No-one who has eaten anything I've given them has ever suffered from food poisoning.

Pittcity Sun 27-Jan-19 13:50:21

Our local Co-op reduces these to 10p and they usually all go quickly.

I see quite a bit of fresh produce is undated now (I expect the shops have dates on the boxes) and you just use your common sense as to whether to buy/use it.

Blinko Sun 27-Jan-19 11:55:32

I'm a pre 'use by' or 'sell by' or 'best before' kinda person. I go on smell and taste. So far I've reached 71 with no food poisoning.....all the family have always been ok too, even when tiny.

So I say yah boo to the marketeers trying to get us all to chuck things away and buy more stuff.

Elegran Sun 27-Jan-19 11:51:04

The "useby" and "best before" labels were a good idea to make it clear to buyers just when the food they buy was produced and how long it has been on the shelf. (I remember once long ago when we were touring in a faroff corner of the country I saw pies in a small corner shop with patches of blue mould)

I think the original idea was to have the date of manufacture, in a form that was easily understood, not coded for the manufacturers information only. Then they took it one stage further, to show the approximate shelf-life of the product. This has now come to mean the exact shelf-life - by many people it is supposed to spontaneously become poisonous on that precise date, not a day earlier or a day later.

trisher Sun 27-Jan-19 11:04:53

I had some spinach and ricotta canelloni yesterday that should have been eaten on Thursday and I'm still here!
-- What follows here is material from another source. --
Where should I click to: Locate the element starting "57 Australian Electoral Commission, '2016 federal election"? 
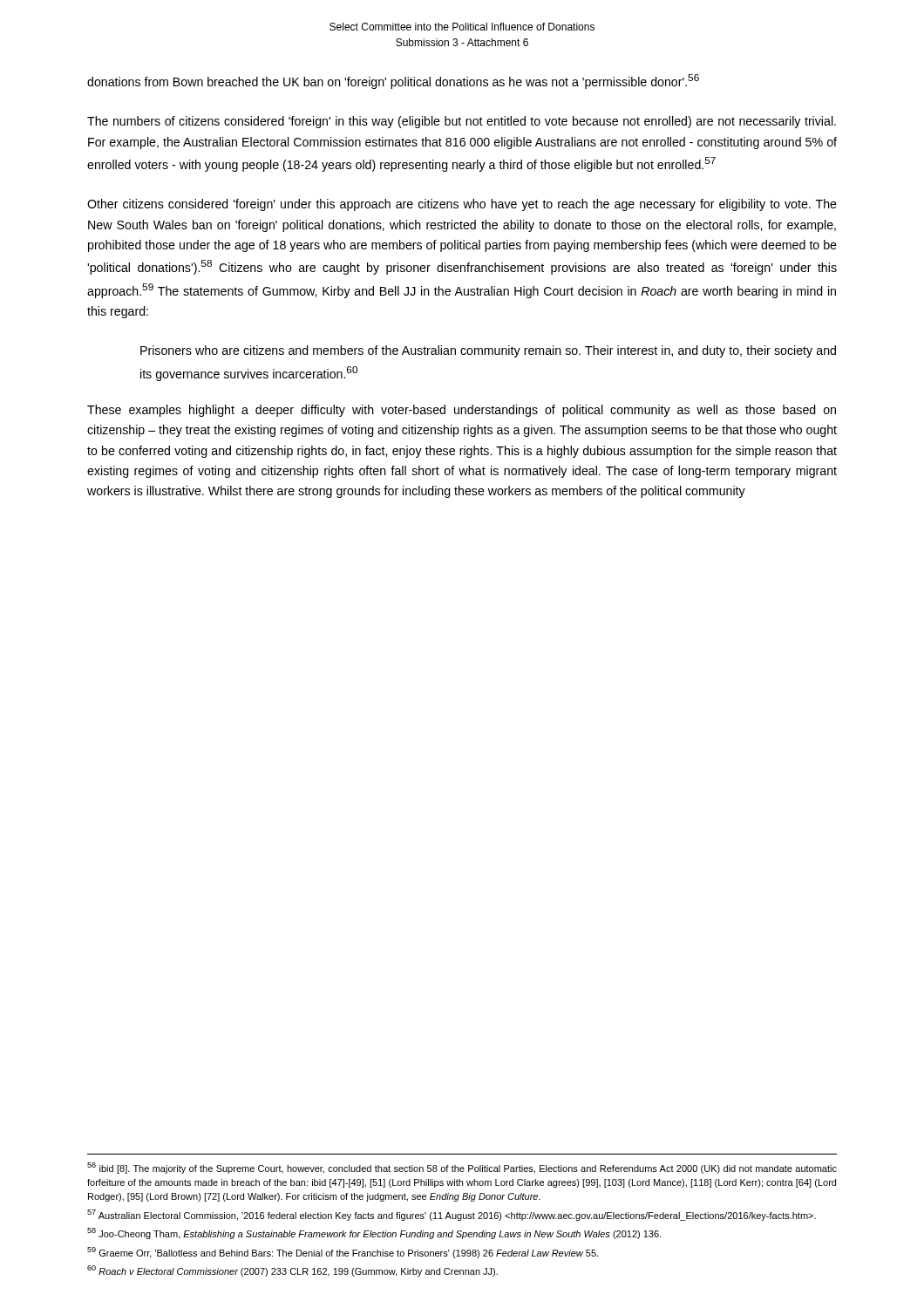(452, 1214)
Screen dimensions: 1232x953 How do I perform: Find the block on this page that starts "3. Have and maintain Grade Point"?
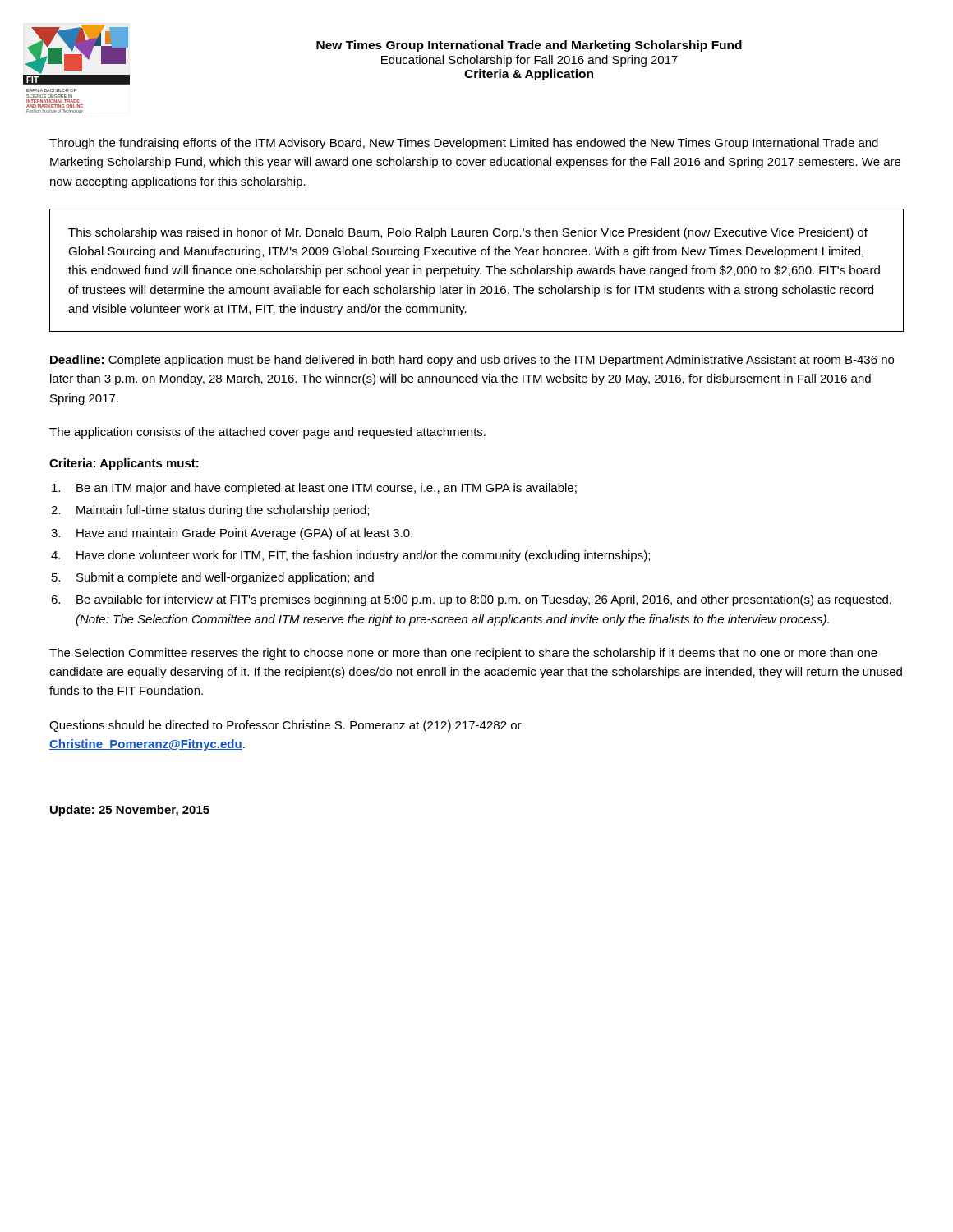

Greggs have shops in the poorer areas of Newcastle that sell 'seconds' and reduced items.

glammanana Sun 27-Jan-19 10:12:16

Such a good idea Elegran its a scheme which should be operating in every City it will surely help the homeless and those people who find themselves in a position where they are struggling to make ends meet.
My DD gets off the bus from work and always goes into her local Tescos some of the reductions she buys are well worth having even down to ready meals which she freezes on the day she purchases for later in the week,she also does this for sliced bread which she uses for toast at breakfast time for the boys never has anyone had upset tummies.

Marydoll Sat 26-Jan-19 20:07:57

I still have that mindset Elegran, the result of being brought up in poverty.
My mother struggled daily to feed us, due to my father being unable to work, through chronic illness.

Elegran Sat 26-Jan-19 20:03:44

Neither have I, EllanVannin, not even way back as a child in the 1940's well before the introduction of fridges and date stamps on food. My mother stored food safely and used it sensibly. Rationing meant that throwing away usable basics would have meant having even less to cook with so she paid attention to where she bought perishables, how she kept them and how she cooked them.

BradfordLass72 Sat 26-Jan-19 19:57:56

"cut pre-packaged loaves, into a huge wheeled bin"

I hope that's just for the convenience of transporting it to Salvation Army and Baptist/Methodst etc charities who feed the homeless, to Women's Refuges and the many other deserving places who do sterling work with the needy. If not, I hope you will all bombard your supermarkets with this suggestion.
We have very strict food guidelines here and cafes/restaurants who have food left at the end of the day are not allowed to even give it away but supermarkets are - and do, to the above charities.

EllanVannin Sat 26-Jan-19 19:52:13

Well said NanaMacGeek.

Can I just ( boast ) here and say that I've never had food poisoning throughout my life nor has anything made me sick.
I value my gut and what goes into it.